Barbalho pôs a impossibilidade política de fazer-se tramitar uma emenda constitucional cujo conteúdo foi derrotado por unanimidade no STF na semana passada. "Não dá para fazer birra; temos de respeitar a decisão do Supremo", afirmou. Em seguida, o presidente nacional do PFL, senador Jorge Bornhausen (SC), também fez ressalvas: " O PFL pode apoiar o envio de uma proposta neste sentido, desde que ela seja previamente submetida aos ministros do STF para que não se corra o risco de uma nova derrota", disse o senador, de acordo com outros congressistas. A rejeição à emenda foi manifestada também pelos líderes do PPB, Odelmo Leão (MG), e do PMDB na Câmara, Geddel Vieira Lima (BA), e Napoleão.
Responsável pela coordenação política do governo, o PSDB teve comportamento discreto, mas também recusou endosso imediato ao envio de uma emenda. O líder do governo na Câmara, Arnaldo Madeira (SP), lembrou que há várias matérias de iniciativa do Legislativo fora do programa de ajuste fiscal e que poderiam ser incluídas. Entre elas, emendas constitucionais que revêem o tratamento de precatórios judiciais e limitam gastos com câmaras municipais.
Barbalho tomou a iniciativa de fazer a maioria das propostas. Ele leu para o presidente trechos do depoimento do secretário da Receita Federal, Everardo Maciel, à Comissão Parlamentar de Inquérito (CPI) do Sistema Financeiro no Senado em 20 de maio, em que este propôs uma série de medidas para aumentar a arrecadação. Entre elas, a taxação de remessas ao exterior para pagamento de juros. Maciel disse à CPI que esta medida poderia significar uma receita anual de R$ 1 bilhão.
A reação do presidente às propostas de Barbalho foi fria. Fernando Henrique disse que conhecia os estudos feitos por Maciel desde 1993, quando era ministro da Fazenda, e comentou, segundo participantes do encontro: "O Everardo entende tudo de matéria tributária, mas temos de atentar nos interesses da economia do País como um todo."
Bornhausen também fez propostas ao presidente, recebidas com maior de entusiasmo. O senador pefelista sugeriu ao governo retirar R$ 700 milhões que estão depositados no Instituto de Resseguros do Brasil (IRB) e usar R$ 1,2 bilhão de fundos previdenciários dos militares. A reunião terminou apenas com o compromisso da base aliada de montar um cronograma para votar todas as propostas de interesse fiscal para o governo em tramitação no Congresso até o fim do ano.

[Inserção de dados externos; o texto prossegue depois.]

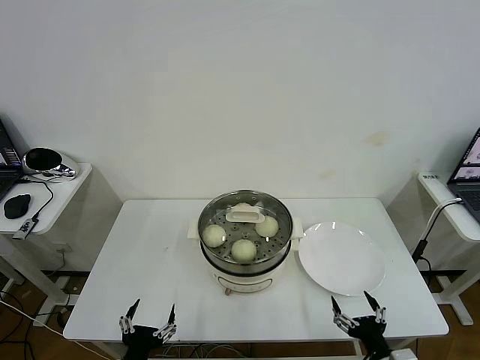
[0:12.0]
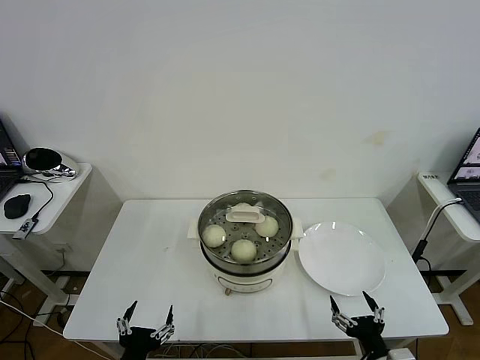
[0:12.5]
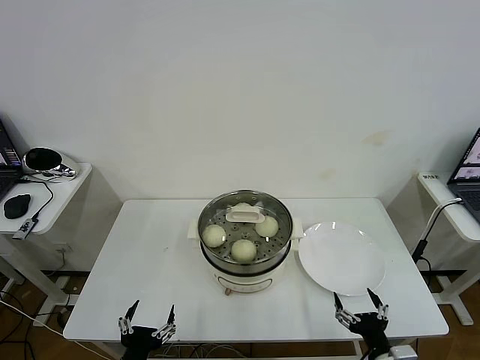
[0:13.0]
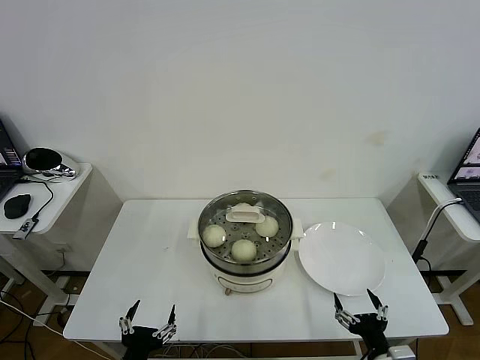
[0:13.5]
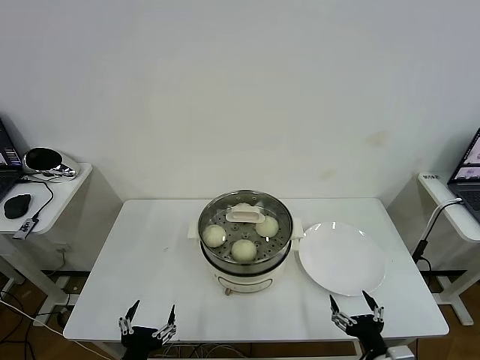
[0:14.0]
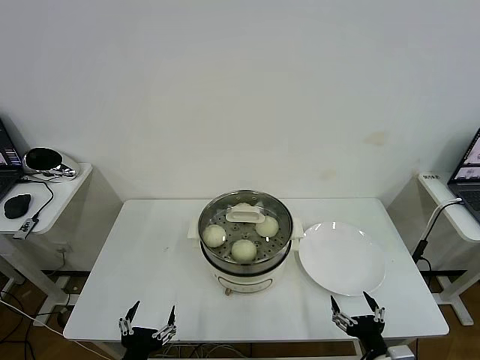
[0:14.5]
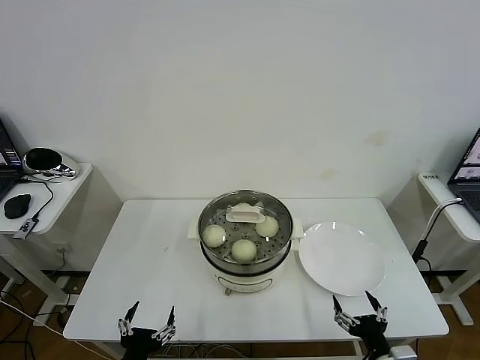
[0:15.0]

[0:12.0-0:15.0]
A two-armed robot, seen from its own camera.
Task of the whole recording: take steamed baozi put them in steamer then cover it.
0:12.0 to 0:15.0: Both grippers stay put.
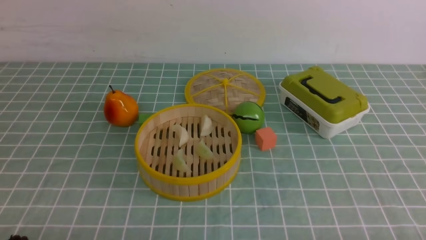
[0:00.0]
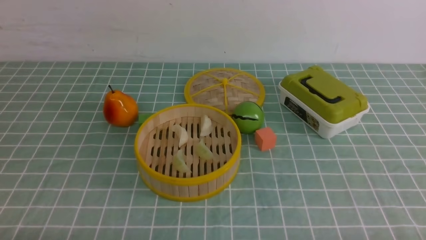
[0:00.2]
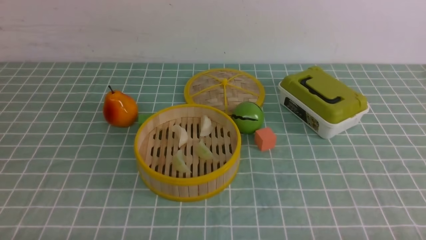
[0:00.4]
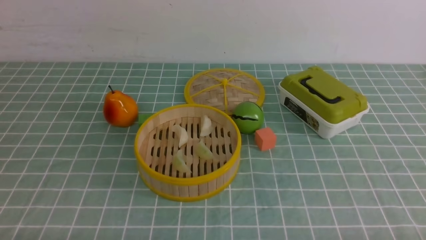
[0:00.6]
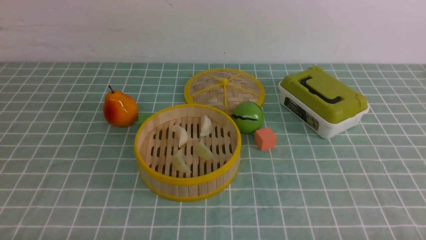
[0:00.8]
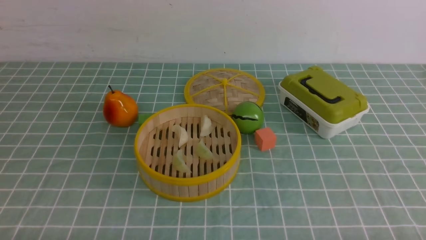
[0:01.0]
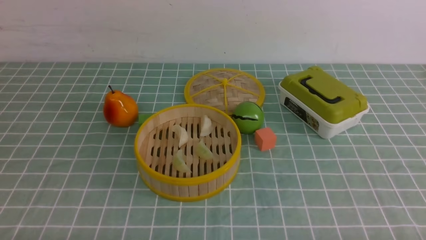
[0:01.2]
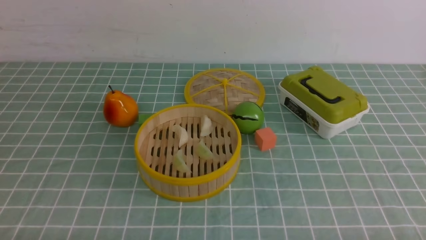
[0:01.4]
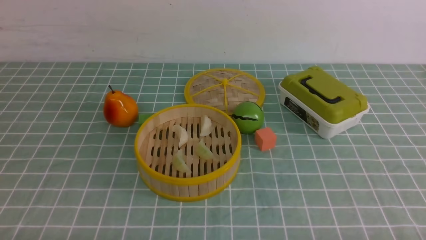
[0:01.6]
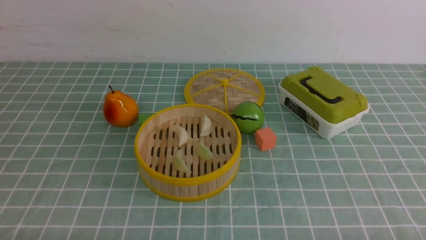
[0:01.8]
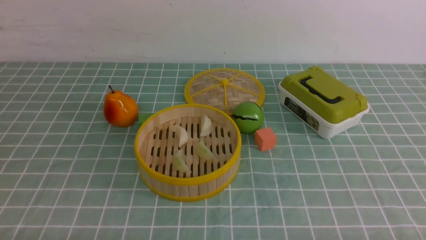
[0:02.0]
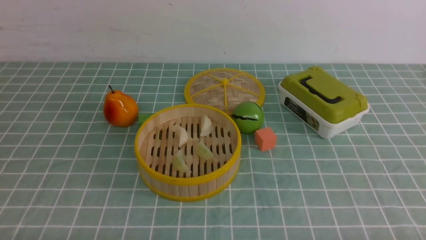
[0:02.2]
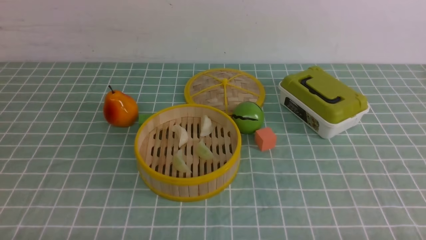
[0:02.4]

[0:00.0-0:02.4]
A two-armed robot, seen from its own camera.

Na avaliação de Barbalho, o presidente ficou "aliviado" com a posição contrária dos aliados à equipe econômica. "Nem sempre os burocratas estão em sintonia com a opinião pública, e senti que o presidente estava sendo pressionado pela sua equipe." Para Barbalho, "não dava para amesquinhar a imagem de um poder democrático como o Supremo, e o presidente fez bem em evitar o confronto direto".